_TASK TO CARRY OUT_.
Beneath this line is the data. Output exactly the lines from the line with "Next: the toy animal (428,83,594,208)." to the line with "2) broccoli", both ends included, and nothing more.
----
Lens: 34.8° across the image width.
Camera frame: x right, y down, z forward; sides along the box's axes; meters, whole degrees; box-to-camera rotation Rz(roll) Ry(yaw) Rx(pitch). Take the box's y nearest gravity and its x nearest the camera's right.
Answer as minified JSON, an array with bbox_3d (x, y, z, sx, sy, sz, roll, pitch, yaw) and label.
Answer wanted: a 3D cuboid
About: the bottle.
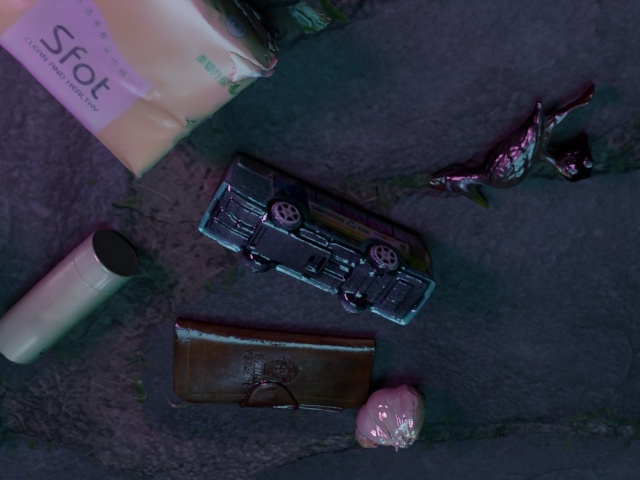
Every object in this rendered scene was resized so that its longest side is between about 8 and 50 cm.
[{"bbox_3d":[-0.306,0.069,1.220,0.072,0.072,0.201,40,119,-23],"label":"bottle"}]

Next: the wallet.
[{"bbox_3d":[-0.060,0.165,1.302,0.255,0.031,0.137,5,126,-1],"label":"wallet"}]

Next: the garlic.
[{"bbox_3d":[0.087,0.228,1.309,0.074,0.094,0.113,39,115,-5],"label":"garlic"}]

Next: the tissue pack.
[{"bbox_3d":[-0.190,-0.215,0.976,0.215,0.123,0.257,-35,109,26],"label":"tissue pack"}]

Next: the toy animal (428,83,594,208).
[{"bbox_3d":[0.212,-0.088,1.095,0.202,0.070,0.105,-20,112,23],"label":"toy animal"}]

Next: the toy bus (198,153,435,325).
[{"bbox_3d":[0.000,0.000,1.131,0.261,0.109,0.091,25,125,-13],"label":"toy bus"}]
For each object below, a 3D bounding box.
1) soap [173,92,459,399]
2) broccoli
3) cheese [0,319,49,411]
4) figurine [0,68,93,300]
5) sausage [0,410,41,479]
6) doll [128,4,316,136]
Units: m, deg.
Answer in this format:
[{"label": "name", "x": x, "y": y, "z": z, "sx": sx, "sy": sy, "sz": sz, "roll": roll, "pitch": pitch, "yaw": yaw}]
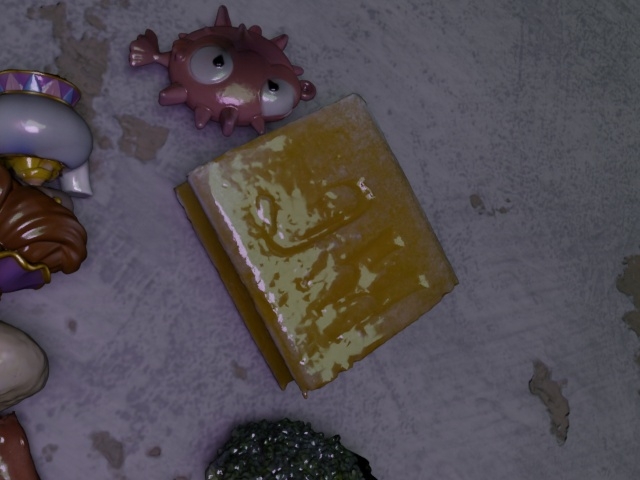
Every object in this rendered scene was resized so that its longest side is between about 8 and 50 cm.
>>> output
[{"label": "soap", "x": 0.000, "y": 0.000, "z": 0.854, "sx": 0.293, "sy": 0.156, "sz": 0.335, "roll": -28, "pitch": 94, "yaw": -20}, {"label": "broccoli", "x": -0.029, "y": 0.376, "z": 0.784, "sx": 0.263, "sy": 0.247, "sz": 0.243, "roll": 27, "pitch": 107, "yaw": 20}, {"label": "cheese", "x": -0.438, "y": 0.148, "z": 0.617, "sx": 0.251, "sy": 0.173, "sz": 0.248, "roll": 32, "pitch": 73, "yaw": -11}, {"label": "figurine", "x": -0.348, "y": -0.059, "z": 0.707, "sx": 0.189, "sy": 0.142, "sz": 0.263, "roll": 19, "pitch": 70, "yaw": -56}, {"label": "sausage", "x": -0.330, "y": 0.339, "z": 0.705, "sx": 0.078, "sy": 0.078, "sz": 0.304, "roll": -28, "pitch": 95, "yaw": -24}, {"label": "doll", "x": -0.134, "y": -0.236, "z": 0.847, "sx": 0.262, "sy": 0.093, "sz": 0.211, "roll": 17, "pitch": 60, "yaw": -10}]
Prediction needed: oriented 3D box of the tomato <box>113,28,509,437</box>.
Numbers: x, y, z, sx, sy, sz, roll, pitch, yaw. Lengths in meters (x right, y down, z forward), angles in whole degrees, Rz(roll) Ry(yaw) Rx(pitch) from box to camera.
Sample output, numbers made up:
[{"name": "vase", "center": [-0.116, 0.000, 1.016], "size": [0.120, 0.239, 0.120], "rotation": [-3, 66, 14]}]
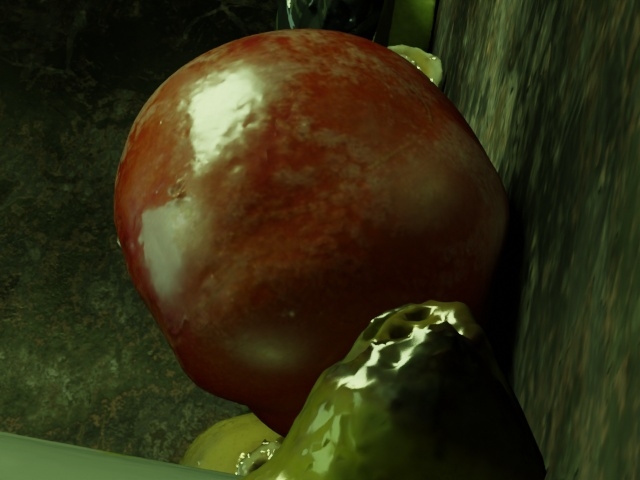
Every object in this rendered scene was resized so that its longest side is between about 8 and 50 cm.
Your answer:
[{"name": "tomato", "center": [0.006, 0.005, 0.743], "size": [0.187, 0.151, 0.187], "rotation": [59, -179, -1]}]

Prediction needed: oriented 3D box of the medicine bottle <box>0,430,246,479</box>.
[{"name": "medicine bottle", "center": [-0.074, 0.188, 0.599], "size": [0.238, 0.232, 0.238], "rotation": [-169, 90, -89]}]

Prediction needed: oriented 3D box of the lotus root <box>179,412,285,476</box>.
[{"name": "lotus root", "center": [-0.050, 0.209, 1.334], "size": [0.303, 0.130, 0.146], "rotation": [102, 156, -70]}]

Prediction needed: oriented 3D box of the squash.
[{"name": "squash", "center": [0.064, -0.144, 1.572], "size": [0.252, 0.049, 0.252], "rotation": [-169, 90, -86]}]

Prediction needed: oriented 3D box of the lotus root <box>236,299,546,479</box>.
----
_WRITTEN ANSWER_.
Next: the toy animal (428,83,594,208).
[{"bbox_3d":[0.212,-0.088,1.095,0.202,0.070,0.105,-20,112,23],"label":"toy animal"}]

Next: the toy bus (198,153,435,325).
[{"bbox_3d":[0.000,0.000,1.131,0.261,0.109,0.091,25,125,-13],"label":"toy bus"}]
For each object below, a 3D bounding box.
1) soap [173,92,459,399]
2) broccoli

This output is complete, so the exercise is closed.